Work task. Write out the entire listing below exactly as it appears, minus any pictures.

Source material.

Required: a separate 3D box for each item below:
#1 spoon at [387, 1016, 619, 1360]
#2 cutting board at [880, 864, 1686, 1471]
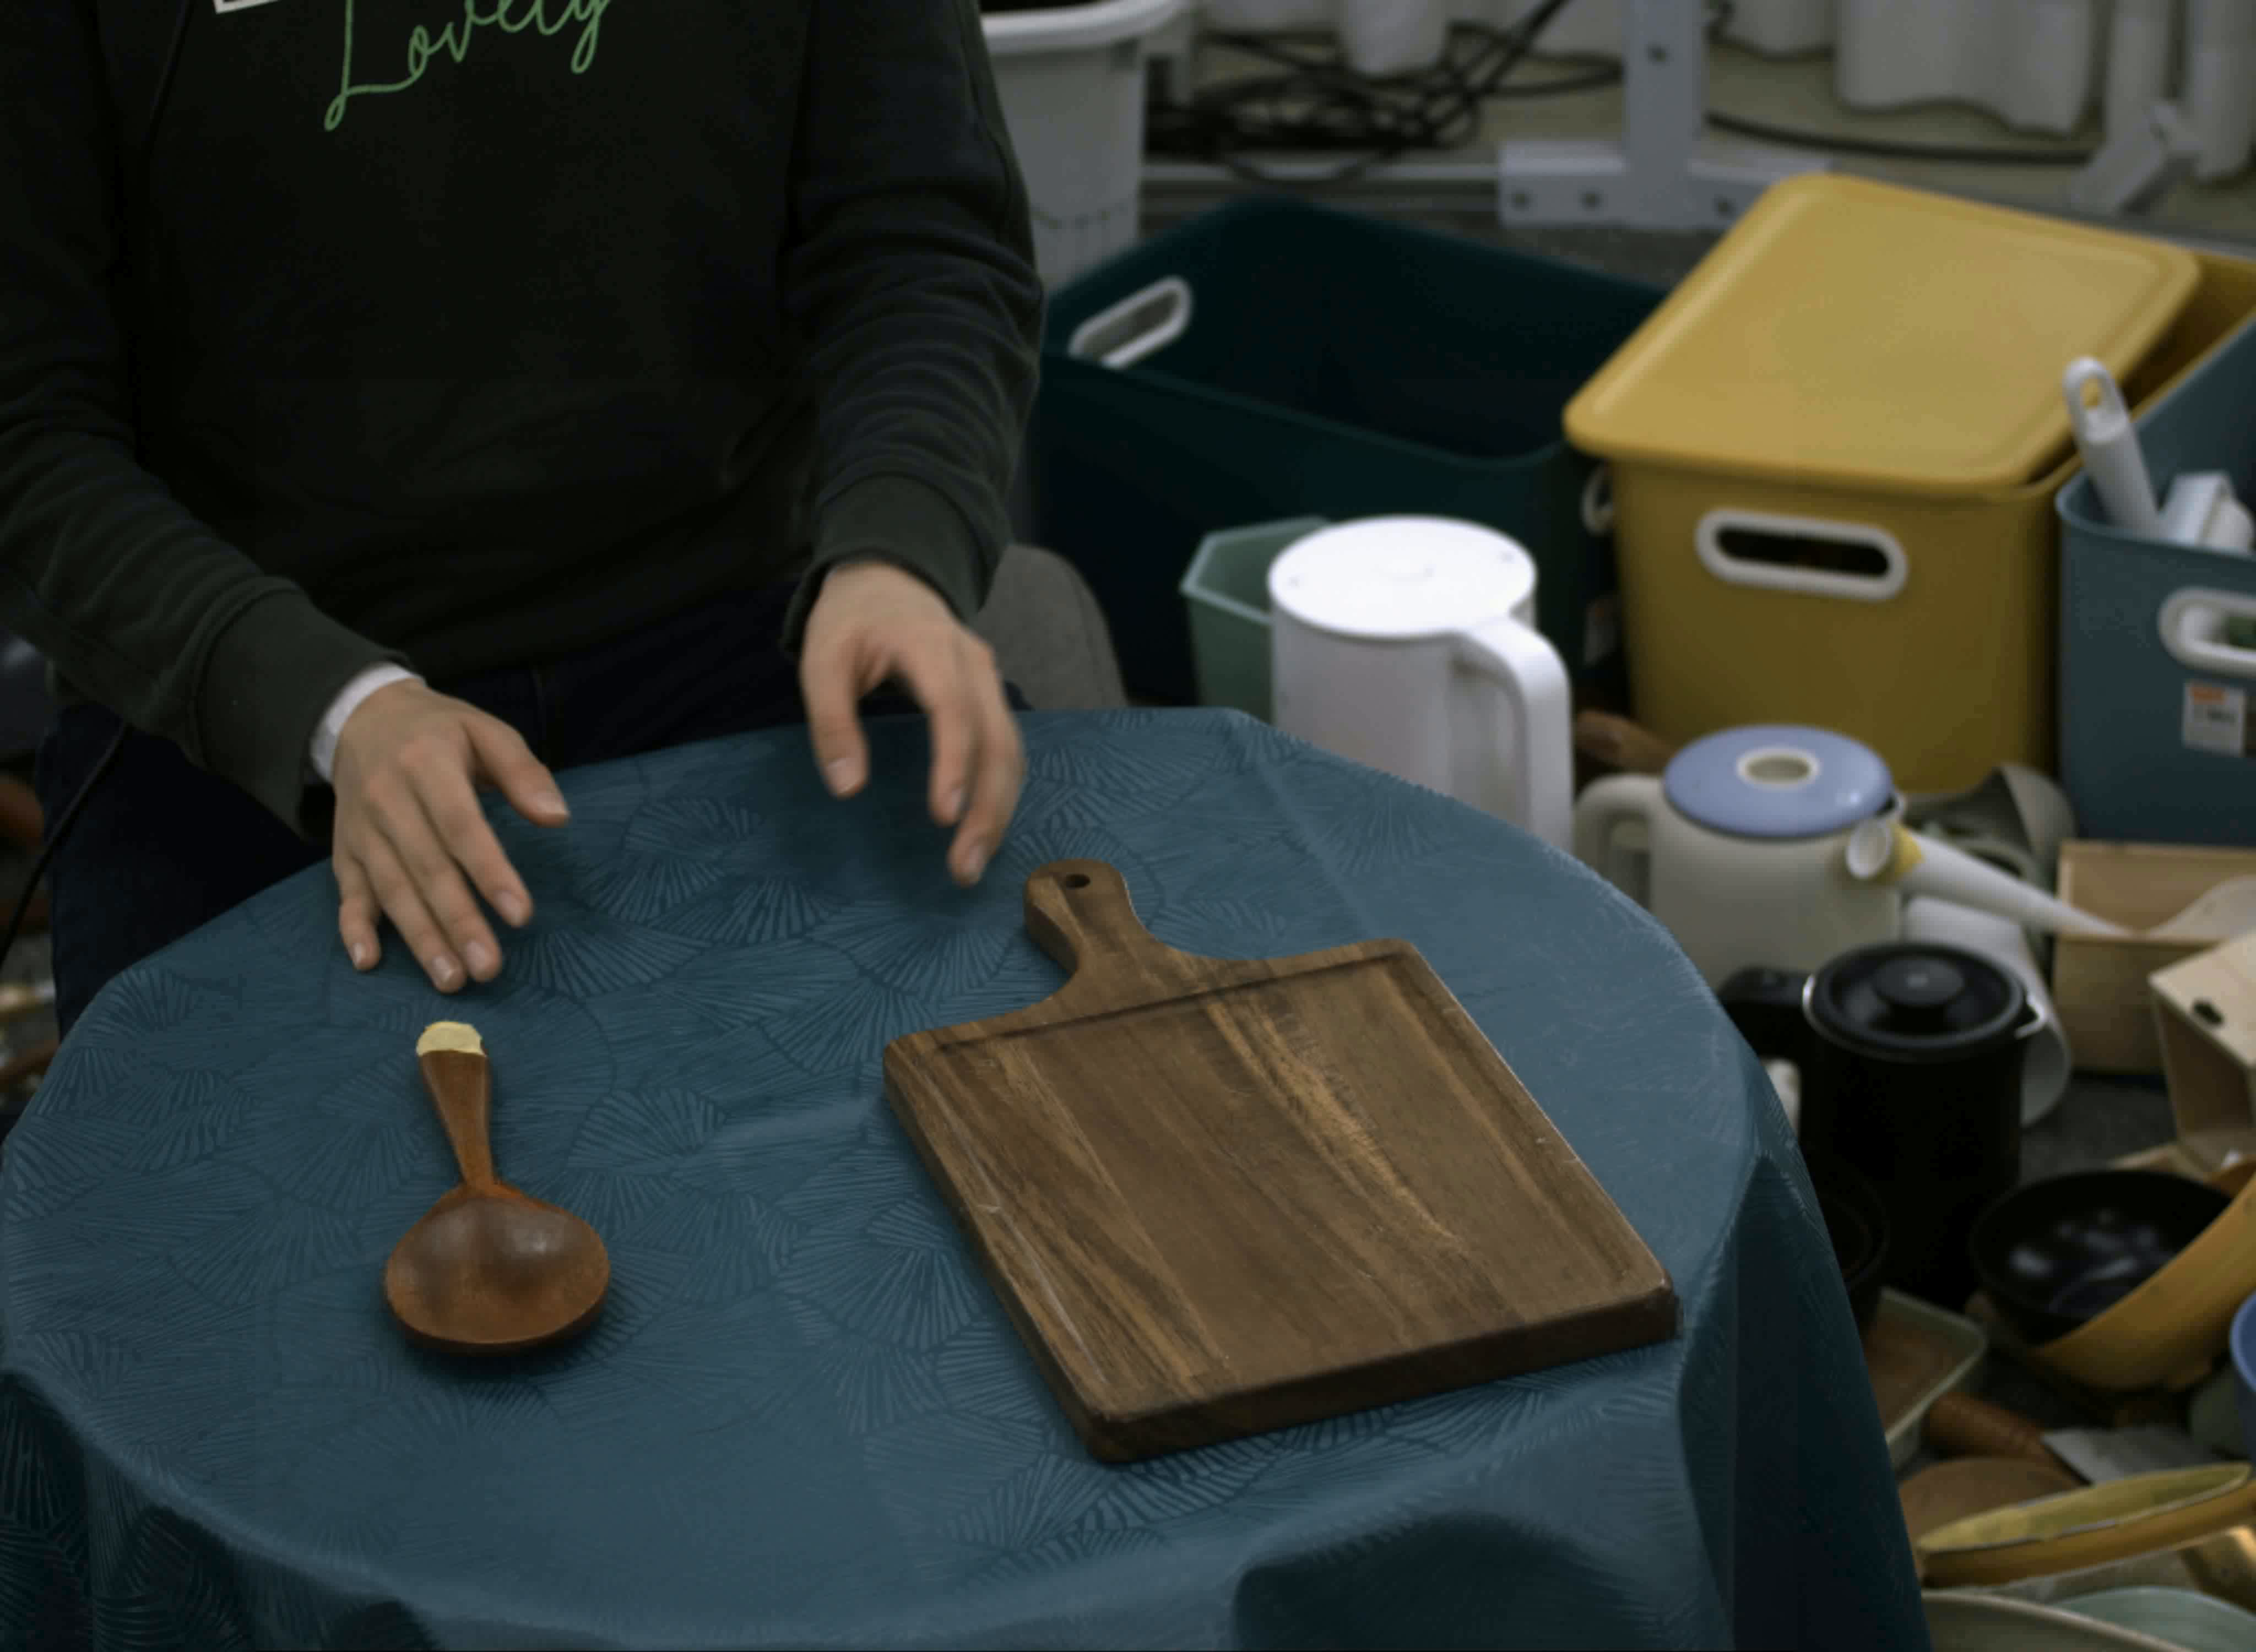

The answer.
Required: a separate 3D box for each item below:
#1 spoon at [387, 1016, 619, 1360]
#2 cutting board at [880, 864, 1686, 1471]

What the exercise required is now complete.